G. Pursuant to CONN. GEN. STAT. Section 46a-84(b), a hearing officer was appointed to hear the complaint.

H. Pre-hearing conferences were held on March 7 and May 9, 1990.

I. The defendant filed a Motion to Strike, which was denied by the Hearing Officer in a written memorandum dated May 6, 1990.

J. Hearings were held on June 7 and 8, 1990.

K. The hearing officer rendered a decision, dated November 23, 1990, which was mailed to the parties on November 29, 1990.

The following three claims are raised by the Commission:

1. A perceived disability is protected by discrimination under Section 46a-60(1),

2. The Hearing Officer erred in finding that EB did not perceive Mr. Tucker to have a disability, and

3. The Hearing Officer used an improper legal analysis.

These claims will be discussed seriatim.

I. THE COMMISSIONER'S CLAIM THAT A PERCEIVED DISABILITY IS PROTECTED FROM DISCRIMINATION UNDER SECTION CT Page 985846a-60(a)(1).

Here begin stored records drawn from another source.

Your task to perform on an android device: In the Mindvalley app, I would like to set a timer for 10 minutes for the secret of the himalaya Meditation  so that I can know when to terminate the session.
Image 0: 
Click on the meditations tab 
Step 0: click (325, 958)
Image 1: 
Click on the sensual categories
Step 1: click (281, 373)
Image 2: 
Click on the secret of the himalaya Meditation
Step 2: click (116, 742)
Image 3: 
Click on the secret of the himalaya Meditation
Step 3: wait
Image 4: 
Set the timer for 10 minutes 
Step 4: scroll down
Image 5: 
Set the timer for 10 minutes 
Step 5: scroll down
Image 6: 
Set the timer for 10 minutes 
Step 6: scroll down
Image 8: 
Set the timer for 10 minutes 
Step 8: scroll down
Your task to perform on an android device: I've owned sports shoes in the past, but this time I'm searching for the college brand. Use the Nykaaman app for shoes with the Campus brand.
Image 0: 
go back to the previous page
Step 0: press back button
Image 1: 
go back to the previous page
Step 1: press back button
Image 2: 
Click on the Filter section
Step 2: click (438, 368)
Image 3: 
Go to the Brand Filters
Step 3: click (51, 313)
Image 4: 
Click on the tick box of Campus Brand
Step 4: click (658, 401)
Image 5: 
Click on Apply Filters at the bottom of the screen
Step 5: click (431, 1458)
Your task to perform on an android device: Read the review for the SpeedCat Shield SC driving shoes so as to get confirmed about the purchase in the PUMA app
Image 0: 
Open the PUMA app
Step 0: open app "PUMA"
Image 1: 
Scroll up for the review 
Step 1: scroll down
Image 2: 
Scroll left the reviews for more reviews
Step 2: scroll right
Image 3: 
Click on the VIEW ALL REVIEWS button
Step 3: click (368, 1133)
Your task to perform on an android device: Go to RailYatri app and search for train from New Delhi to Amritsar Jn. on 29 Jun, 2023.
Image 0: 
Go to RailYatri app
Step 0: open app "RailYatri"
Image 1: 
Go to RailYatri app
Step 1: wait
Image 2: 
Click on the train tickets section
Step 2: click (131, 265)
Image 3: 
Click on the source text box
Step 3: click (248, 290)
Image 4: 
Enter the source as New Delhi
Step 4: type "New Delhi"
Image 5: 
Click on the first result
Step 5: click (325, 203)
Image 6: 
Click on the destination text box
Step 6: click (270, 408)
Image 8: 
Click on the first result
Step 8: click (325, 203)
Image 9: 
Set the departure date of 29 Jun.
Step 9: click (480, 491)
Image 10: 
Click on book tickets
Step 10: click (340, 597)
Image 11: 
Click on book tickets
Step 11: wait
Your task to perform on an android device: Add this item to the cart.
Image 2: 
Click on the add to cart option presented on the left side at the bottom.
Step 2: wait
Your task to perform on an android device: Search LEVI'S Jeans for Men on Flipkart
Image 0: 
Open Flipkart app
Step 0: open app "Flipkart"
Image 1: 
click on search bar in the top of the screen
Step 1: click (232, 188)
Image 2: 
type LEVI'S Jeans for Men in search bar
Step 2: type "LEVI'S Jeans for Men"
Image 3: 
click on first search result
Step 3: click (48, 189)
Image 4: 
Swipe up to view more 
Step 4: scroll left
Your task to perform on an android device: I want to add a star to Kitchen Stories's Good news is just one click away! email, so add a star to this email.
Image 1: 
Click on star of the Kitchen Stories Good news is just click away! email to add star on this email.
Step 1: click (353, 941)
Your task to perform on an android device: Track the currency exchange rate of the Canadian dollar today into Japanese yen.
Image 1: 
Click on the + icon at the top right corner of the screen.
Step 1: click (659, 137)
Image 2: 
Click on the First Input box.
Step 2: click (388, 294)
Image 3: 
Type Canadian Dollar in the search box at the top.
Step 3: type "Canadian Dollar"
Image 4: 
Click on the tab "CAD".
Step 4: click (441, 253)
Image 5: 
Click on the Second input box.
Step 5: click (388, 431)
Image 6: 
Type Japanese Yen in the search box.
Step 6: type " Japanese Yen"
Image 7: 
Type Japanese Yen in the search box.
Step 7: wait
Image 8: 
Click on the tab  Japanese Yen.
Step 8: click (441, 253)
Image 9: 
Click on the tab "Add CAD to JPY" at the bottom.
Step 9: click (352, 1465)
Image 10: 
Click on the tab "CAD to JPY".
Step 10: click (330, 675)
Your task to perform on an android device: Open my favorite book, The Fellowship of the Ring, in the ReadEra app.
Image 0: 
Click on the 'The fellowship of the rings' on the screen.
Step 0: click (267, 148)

The Standard of Judicial Review of this claim as it relates to an administrative agency ruling is based on the holding in State Medical Society v. Board of Examiners of Podiatry, 208 Conn. 709, 717 (1988) where the court stated in part as follows:

On the other hand, it is the function of the courts to expound and apply governing principles of law. N.L.R.B. v. Brown, 380 U.S. 278, 291, 85 S. Ct. 980, 13 L. Ed. 2d 839 (1965); International Brotherhood of Electrical Workers v. N.L.R.B., 487 F.2d 1143, 1170-71 (D.C. Cir. 1973), aff'd sub nom. Florida Power Light Co. v. International Brotherhood of Electrical Workers, 417 U.S. 790, 94 S. Ct. 2737, 41 L. Ed. 2d 477 (1974); Connecticut Hospital Assn., Inc. v. Commission on Hospitals Health Care, supra; Real Estate Listing Service, Inc, v. Real Estate Commission, 179 Conn. 128, 138-39, 425 A.2d 581 (1979). This case presents a question of law turning upon the interpretation of a statute. See Branigan v. Administrator, 139 Conn. 572, 577, 95 A.2d 798 (1953); Bridgeport v. United Illuminating Co., 131 Conn. 368, 371, 40 A.2d 272 (1944). Both the board and the trial court had to construe Section 20-50 to determine the permissible scope of podiatry practice in Connecticut. In our view, this is purely a question of law, requiring that the intent of the legislature be discerned. Such a question invokes a broader standard of review than is ordinarily involved in deciding whether, in light of the evidence, the agency has acted unreasonably, arbitrarily, illegally or in abuse of its discretion. Robinson v. Employment Security Board of Review, 181 Conn. 1, 5, 434 A.2d 293 (1980).

The policy in Connecticut regarding discrimination is found in part in Evening Sentinel v. National Organization for Women, 168 Conn. 26, 357 A.2d 498 (1975) and Quinnipiac Council, Boy Scouts of America, Inc. v. CHRO, 204 Conn. 2897 (1987). As stated by the court in Evening Sentinel, supra, 35, the purpose of the statute prohibiting discriminatory employment practices is "to prohibit acts, not status. It is part of a policy to CT Page 9859 eliminate . . . discrimination in its subtle as well as overt forms. The very act of classifying individuals by means of criteria irrelevant to the ultimate end sought to be accomplished operates in a discriminatory manner. Such discrimination is destructive to society as a whole in that is eliminates a class of individuals who otherwise could have made vital and fresh contributions." As stated in Quinnipiac Council, supra, 300:

All of our antidiscrimination law is essentially fact-bound. As the Supreme Court of the United States has frequently reminded us, and as we have repeatedly stated in our own opinions, the individual is the focal point of the legislation that defines and prohibits discriminatory practices. The purpose of antidiscrimination legislation is to afford access to opportunity on the basis of individual abilities rather than on the basis of stereotypical generalizations. Los Angeles Department of Water Power v. Manhart, 435 U.S. 702, 708, 98, S.Ct. 1370, 55 L. Ed. 2d 657 (1978); Wroblewski v. Lexington Gardens, Inc., 188 Conn. 44, 59, 448 A.2d 801 (1982); Connecticut Institute for the Blind v. Commission on Human Rights Opportunities, 176 Conn. 88, 96, 405 A.2d 618 (1978); Evening Sentinel v. National Organization for Women, supra, 35. In considering the opportunity of which an individual claims to have been deprived, the focus is equally on the particular, rather than on access to an organization or an industry as a whole. Trans Worlds Airlines, Inc. v. Thurston, 469 U.S. 111, 122-23, 105 S. Ct. 613, 83 L. Ed. 2d 523 (1985). . . .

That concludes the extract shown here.